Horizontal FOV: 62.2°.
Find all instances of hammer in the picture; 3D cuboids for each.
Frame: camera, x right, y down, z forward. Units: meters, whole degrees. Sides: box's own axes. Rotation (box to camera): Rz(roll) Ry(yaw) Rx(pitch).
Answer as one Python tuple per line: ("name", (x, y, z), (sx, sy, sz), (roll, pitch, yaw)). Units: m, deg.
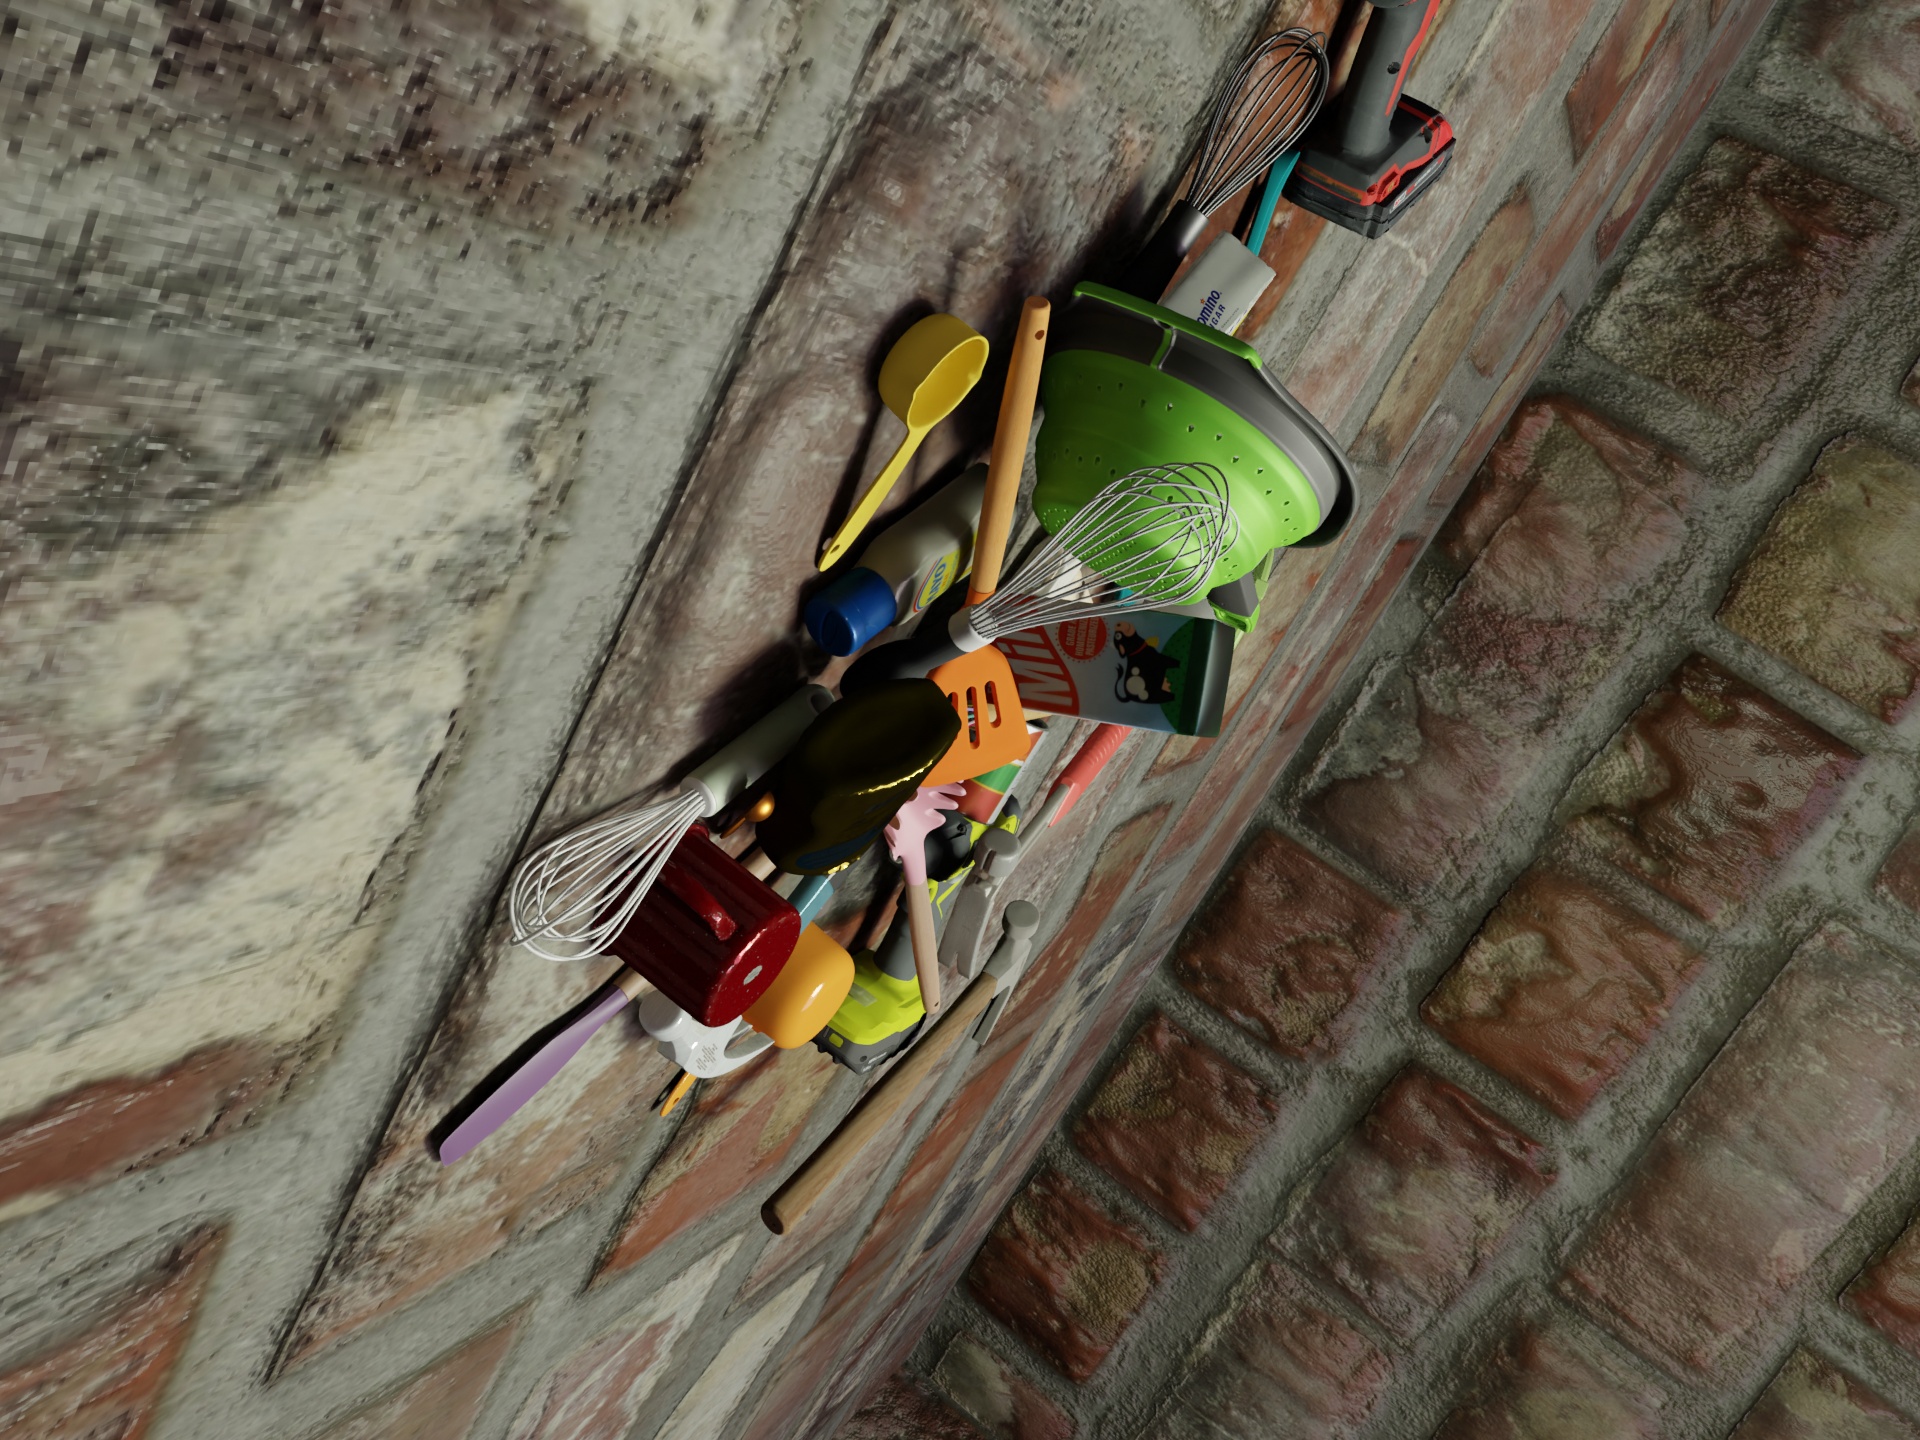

§

__WHAT TO WORK ON__:
Each line of the listing above must be given again exactly; the pictures are to be left out.

__FINAL ANSWER__:
Horizontal FOV: 62.2°.
Find all instances of hammer in the picture; 3D cuboids for each.
Frame: camera, x right, y down, z forward. Units: meters, whole degrees. Sides: box's own axes. Rotation (box to camera): Rz(roll) Ry(yaw) Rx(pitch).
Answer as one Python tuple per line: ("name", (x, y, z), (sx, sy, sz), (roll, pitch, yaw)). Units: m, deg.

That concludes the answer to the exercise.